Dutch Ministry of Finance Reports Breach Affecting Policy Department
Learn More
The Dutch Ministry of Finance (Ministerie van Financiën) reports a cybersecurity incident on March 23, 2026, involving unauthorized access to its internal infrastructure.
The breach was first detected on March 19, 2026, after a third-party alert triggered an internal investigation. The breach targeted systems within the ministry's policy department, disrupting the work of a portion of the staff.
After detection, the ministry immediately blocked access to the affected systems to contain the threat and prevent lateral movement. The organization is currently conducting a forensic analysis to determine how long the attackers remained undetected within the network.

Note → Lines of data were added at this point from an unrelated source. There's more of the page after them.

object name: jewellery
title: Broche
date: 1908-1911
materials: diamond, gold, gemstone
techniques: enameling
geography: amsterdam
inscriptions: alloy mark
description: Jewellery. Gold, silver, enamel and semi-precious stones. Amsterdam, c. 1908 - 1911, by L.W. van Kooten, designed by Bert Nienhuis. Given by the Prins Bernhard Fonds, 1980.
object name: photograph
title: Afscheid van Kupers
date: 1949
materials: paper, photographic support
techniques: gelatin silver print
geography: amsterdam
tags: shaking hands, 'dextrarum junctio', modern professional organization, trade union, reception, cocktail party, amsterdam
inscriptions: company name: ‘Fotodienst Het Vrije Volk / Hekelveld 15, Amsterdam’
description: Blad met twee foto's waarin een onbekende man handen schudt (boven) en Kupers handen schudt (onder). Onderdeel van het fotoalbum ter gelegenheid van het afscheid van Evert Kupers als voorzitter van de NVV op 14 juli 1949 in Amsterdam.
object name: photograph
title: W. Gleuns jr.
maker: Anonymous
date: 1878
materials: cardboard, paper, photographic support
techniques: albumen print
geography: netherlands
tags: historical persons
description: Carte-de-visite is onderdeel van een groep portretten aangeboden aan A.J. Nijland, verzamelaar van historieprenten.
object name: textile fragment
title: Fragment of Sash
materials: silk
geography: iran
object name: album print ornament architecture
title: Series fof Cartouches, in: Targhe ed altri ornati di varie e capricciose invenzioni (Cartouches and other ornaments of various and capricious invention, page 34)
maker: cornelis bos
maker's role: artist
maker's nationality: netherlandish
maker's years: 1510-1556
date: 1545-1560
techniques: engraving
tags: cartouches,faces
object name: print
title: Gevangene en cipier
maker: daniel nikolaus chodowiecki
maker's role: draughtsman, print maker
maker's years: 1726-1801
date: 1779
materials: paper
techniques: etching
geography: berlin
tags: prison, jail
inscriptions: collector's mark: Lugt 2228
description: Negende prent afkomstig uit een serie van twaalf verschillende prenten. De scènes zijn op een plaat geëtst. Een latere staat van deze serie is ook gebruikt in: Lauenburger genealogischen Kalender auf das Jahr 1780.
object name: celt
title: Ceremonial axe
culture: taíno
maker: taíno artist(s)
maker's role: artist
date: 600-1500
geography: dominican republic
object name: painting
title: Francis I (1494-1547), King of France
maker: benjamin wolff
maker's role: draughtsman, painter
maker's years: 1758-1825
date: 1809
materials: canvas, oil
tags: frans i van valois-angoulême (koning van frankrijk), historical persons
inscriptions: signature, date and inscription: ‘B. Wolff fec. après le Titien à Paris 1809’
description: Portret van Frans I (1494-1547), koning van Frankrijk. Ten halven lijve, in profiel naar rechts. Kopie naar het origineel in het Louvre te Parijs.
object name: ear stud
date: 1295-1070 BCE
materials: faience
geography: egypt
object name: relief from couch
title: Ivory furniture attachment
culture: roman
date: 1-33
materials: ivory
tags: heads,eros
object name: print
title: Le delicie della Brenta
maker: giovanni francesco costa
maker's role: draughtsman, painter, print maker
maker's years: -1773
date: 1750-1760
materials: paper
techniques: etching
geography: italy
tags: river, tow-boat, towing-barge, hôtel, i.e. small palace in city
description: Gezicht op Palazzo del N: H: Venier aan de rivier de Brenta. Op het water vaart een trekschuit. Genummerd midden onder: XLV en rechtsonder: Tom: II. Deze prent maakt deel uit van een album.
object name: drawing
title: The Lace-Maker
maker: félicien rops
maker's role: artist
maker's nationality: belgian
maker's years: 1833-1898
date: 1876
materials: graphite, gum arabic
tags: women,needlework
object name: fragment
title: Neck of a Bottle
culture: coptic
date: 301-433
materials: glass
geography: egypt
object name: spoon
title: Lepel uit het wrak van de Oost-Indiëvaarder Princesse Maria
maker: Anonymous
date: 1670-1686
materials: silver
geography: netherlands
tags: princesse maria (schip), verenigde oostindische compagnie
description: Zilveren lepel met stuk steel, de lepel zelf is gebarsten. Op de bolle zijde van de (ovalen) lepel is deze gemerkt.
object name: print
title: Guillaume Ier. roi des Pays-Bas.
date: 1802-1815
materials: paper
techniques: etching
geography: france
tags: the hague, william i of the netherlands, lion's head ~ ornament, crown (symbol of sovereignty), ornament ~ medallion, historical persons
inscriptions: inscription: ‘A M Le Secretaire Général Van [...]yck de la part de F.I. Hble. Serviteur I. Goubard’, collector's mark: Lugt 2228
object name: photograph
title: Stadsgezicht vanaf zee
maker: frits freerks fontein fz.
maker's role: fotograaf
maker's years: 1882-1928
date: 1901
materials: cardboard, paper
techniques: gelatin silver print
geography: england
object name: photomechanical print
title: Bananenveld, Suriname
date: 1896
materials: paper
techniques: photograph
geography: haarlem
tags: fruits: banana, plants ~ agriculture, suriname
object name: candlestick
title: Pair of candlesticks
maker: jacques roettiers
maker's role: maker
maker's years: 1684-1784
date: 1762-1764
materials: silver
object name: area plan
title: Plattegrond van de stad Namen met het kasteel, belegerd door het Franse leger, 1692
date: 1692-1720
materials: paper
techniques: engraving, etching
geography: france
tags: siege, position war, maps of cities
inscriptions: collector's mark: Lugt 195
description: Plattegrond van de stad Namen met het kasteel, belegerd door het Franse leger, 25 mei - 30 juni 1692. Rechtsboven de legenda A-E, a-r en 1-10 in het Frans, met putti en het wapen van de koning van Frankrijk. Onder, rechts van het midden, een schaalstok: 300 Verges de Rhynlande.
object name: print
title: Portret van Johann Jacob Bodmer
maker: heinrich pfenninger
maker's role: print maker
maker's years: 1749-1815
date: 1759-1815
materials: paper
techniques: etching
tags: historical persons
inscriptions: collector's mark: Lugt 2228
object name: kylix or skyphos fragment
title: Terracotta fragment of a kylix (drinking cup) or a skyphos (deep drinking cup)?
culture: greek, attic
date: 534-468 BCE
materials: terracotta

The compromised data includes:
- Internal policy department records
- Employee work-related information
- Primary process system data
The nature of the attack and the number of affected individuals is not disclosed.
Officials confirmed that critical public-facing services, including the Tax and Customs Administration (Belastingdienst), Customs, and Benefits (Toeslagen), were not impacted by the breach. The ministry is working with national cybersecurity authorities to investigate the scope of the incident and has reported the matter to the relevant data protection regulators.
Update - due to this incident the Dutch Ministry of Finance took systems offline, including its treasury banking portal serving around 1,600 public institutions.
This breach occurs in the context of increasing cyber threats against the Netherlands, such as the 2024 state-actor attack on the Dutch police. The ministry has directed staff to follow internal security protocols while the investigation continues.